** Opening MATERIAL SHOWN block **

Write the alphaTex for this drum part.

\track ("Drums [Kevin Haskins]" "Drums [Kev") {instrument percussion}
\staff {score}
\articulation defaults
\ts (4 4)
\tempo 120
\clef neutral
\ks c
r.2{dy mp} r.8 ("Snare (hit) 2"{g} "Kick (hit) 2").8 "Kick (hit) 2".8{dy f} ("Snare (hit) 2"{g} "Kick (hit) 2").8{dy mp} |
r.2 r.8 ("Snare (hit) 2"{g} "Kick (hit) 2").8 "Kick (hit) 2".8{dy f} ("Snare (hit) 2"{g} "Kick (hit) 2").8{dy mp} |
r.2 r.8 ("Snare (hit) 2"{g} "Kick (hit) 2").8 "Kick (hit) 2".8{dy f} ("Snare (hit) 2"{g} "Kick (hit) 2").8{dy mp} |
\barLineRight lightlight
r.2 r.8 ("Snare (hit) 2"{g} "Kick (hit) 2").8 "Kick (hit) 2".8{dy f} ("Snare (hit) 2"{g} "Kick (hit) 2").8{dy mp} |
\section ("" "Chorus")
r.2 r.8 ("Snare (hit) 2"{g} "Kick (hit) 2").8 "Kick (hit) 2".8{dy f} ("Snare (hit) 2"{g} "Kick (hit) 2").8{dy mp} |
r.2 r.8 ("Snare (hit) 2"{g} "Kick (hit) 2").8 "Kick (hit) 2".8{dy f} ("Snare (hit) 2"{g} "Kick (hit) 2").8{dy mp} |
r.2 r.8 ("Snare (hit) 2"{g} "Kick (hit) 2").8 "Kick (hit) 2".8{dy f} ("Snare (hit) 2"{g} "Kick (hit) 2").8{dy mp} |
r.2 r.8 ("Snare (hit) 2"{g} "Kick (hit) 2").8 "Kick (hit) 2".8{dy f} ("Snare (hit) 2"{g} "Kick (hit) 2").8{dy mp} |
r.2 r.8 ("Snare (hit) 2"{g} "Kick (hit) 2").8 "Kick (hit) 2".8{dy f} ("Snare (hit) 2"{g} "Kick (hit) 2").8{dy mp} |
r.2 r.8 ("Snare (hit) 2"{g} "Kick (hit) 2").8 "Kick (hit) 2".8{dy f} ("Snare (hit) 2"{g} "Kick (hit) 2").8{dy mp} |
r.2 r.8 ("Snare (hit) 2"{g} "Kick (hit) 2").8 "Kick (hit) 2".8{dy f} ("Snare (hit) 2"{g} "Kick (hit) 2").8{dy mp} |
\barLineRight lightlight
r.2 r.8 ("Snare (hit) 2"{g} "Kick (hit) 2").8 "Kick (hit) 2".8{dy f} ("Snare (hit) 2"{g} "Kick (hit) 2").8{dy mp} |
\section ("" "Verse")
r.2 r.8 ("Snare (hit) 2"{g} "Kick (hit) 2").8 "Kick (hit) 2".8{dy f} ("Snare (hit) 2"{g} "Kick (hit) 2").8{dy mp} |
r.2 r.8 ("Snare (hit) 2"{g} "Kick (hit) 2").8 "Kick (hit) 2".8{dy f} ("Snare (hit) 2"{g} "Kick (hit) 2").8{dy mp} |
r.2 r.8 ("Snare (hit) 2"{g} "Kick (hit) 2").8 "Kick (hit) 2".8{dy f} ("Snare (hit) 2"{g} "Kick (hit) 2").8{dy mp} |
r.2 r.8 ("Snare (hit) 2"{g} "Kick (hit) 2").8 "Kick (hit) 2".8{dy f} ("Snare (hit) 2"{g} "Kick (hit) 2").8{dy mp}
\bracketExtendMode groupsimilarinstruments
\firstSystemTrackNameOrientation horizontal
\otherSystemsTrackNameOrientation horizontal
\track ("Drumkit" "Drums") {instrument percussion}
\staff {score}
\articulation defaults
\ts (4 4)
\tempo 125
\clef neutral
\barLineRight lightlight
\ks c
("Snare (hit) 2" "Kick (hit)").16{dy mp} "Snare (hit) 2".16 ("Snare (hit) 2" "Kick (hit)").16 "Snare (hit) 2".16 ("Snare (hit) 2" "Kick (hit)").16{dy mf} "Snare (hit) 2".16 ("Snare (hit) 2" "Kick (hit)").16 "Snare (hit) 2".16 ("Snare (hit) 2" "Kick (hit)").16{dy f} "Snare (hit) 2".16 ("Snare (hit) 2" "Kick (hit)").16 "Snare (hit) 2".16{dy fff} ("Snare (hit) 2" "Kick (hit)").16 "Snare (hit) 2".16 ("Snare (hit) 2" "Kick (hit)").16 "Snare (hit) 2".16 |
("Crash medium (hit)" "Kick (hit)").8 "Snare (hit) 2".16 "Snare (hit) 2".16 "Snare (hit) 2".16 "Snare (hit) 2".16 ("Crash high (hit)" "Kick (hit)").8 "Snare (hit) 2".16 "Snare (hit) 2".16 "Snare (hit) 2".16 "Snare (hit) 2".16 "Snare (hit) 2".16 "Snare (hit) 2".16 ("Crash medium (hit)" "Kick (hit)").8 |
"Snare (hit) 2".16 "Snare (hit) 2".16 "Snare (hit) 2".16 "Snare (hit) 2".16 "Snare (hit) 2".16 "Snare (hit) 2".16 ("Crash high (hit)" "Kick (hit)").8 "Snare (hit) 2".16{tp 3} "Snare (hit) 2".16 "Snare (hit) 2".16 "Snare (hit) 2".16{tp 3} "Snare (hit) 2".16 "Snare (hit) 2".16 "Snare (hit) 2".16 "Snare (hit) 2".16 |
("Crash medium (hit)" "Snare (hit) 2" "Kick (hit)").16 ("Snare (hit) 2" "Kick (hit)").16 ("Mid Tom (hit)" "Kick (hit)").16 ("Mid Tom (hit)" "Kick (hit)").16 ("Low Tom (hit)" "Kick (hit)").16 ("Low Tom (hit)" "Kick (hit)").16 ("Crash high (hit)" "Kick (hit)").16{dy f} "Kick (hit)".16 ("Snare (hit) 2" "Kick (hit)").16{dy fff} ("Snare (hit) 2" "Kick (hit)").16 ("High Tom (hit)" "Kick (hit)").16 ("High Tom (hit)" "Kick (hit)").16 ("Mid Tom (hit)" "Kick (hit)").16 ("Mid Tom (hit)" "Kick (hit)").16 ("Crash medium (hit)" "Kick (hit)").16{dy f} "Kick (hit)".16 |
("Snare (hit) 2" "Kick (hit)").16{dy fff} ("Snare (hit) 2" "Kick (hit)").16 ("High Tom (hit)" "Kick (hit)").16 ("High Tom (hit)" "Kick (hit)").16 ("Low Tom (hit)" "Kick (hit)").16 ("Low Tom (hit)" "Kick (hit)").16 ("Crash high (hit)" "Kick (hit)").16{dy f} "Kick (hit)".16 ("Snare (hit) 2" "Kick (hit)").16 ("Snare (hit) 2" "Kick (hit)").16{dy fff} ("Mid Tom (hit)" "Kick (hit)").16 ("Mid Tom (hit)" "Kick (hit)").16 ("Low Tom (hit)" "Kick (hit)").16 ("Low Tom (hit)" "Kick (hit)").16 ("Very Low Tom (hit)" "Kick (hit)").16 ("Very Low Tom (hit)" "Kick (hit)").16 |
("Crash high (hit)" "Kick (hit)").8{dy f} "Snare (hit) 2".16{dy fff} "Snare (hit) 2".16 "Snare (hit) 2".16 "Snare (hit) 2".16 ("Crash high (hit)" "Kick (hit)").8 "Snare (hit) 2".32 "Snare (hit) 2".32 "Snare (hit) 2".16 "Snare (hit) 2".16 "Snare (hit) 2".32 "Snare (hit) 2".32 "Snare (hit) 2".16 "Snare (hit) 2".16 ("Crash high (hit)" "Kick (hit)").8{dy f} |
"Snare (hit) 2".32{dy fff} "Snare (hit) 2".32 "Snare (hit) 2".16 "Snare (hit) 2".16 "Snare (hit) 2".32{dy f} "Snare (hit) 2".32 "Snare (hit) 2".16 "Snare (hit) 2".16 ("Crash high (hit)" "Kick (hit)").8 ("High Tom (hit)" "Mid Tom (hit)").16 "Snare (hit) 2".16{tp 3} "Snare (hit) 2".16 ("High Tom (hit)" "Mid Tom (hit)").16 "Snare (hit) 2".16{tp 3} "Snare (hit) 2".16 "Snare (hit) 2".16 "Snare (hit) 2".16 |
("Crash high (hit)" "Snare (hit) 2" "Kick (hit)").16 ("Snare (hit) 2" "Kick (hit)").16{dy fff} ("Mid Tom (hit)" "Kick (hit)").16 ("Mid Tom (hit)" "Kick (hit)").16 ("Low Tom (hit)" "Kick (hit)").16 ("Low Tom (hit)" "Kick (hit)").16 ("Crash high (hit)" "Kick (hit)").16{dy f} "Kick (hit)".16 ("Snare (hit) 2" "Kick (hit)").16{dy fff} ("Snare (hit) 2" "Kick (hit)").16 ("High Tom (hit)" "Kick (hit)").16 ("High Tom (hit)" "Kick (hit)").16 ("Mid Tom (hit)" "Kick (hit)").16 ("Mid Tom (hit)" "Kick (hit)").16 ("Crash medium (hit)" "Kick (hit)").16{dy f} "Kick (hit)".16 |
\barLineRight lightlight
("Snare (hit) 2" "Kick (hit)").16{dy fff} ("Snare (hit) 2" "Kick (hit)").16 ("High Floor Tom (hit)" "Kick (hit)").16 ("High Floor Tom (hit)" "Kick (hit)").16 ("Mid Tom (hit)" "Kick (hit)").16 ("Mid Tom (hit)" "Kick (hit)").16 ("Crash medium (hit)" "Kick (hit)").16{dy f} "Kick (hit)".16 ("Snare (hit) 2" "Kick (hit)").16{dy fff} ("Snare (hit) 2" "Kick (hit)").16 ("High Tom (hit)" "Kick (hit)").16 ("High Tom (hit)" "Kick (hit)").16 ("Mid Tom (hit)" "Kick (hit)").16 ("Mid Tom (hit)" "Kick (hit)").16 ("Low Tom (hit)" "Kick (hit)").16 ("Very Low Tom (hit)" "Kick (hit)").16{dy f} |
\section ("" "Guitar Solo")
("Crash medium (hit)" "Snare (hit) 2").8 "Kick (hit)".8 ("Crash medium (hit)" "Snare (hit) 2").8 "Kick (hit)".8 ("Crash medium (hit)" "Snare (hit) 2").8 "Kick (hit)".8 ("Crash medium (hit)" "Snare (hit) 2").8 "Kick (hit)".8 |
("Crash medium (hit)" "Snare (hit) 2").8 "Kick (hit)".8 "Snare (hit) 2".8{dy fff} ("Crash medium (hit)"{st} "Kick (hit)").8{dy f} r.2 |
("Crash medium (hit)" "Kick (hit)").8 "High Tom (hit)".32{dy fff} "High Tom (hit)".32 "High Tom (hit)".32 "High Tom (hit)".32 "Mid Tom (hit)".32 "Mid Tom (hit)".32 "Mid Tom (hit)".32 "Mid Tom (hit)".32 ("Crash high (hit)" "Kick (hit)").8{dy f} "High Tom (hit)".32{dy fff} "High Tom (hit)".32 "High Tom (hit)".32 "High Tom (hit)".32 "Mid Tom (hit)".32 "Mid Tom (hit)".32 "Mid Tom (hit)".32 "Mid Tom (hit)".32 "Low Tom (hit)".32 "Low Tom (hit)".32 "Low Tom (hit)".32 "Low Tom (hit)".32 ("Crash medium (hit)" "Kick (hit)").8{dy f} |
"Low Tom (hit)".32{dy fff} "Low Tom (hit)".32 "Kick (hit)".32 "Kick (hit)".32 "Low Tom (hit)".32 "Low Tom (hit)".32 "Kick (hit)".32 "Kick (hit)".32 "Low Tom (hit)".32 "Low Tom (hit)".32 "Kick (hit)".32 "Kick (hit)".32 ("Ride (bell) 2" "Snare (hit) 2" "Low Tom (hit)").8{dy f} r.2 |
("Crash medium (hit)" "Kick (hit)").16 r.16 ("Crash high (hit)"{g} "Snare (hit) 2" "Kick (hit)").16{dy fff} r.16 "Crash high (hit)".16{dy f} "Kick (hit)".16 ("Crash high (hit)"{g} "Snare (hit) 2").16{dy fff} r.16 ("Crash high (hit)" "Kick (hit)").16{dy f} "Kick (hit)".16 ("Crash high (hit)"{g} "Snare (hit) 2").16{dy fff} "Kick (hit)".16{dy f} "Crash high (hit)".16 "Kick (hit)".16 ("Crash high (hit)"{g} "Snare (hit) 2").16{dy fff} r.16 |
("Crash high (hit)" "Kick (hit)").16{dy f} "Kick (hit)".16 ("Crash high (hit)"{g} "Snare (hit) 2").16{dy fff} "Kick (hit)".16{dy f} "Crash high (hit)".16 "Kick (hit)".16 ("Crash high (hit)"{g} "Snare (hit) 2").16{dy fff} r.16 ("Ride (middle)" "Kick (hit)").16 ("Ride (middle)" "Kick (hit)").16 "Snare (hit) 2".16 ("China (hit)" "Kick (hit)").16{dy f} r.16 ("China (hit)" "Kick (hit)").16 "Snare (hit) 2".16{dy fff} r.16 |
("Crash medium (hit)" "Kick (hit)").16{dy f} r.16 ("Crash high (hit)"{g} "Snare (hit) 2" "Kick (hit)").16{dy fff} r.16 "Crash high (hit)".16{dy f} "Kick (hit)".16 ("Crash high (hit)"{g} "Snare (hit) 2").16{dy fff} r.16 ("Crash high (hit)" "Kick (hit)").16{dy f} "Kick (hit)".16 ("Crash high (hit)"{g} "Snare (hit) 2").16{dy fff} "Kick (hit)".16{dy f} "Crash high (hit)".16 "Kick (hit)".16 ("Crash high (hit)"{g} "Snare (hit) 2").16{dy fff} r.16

** Closing MATERIAL SHOWN block **

Please say how many lines in the records contain the word "Drums", and give only that number.

2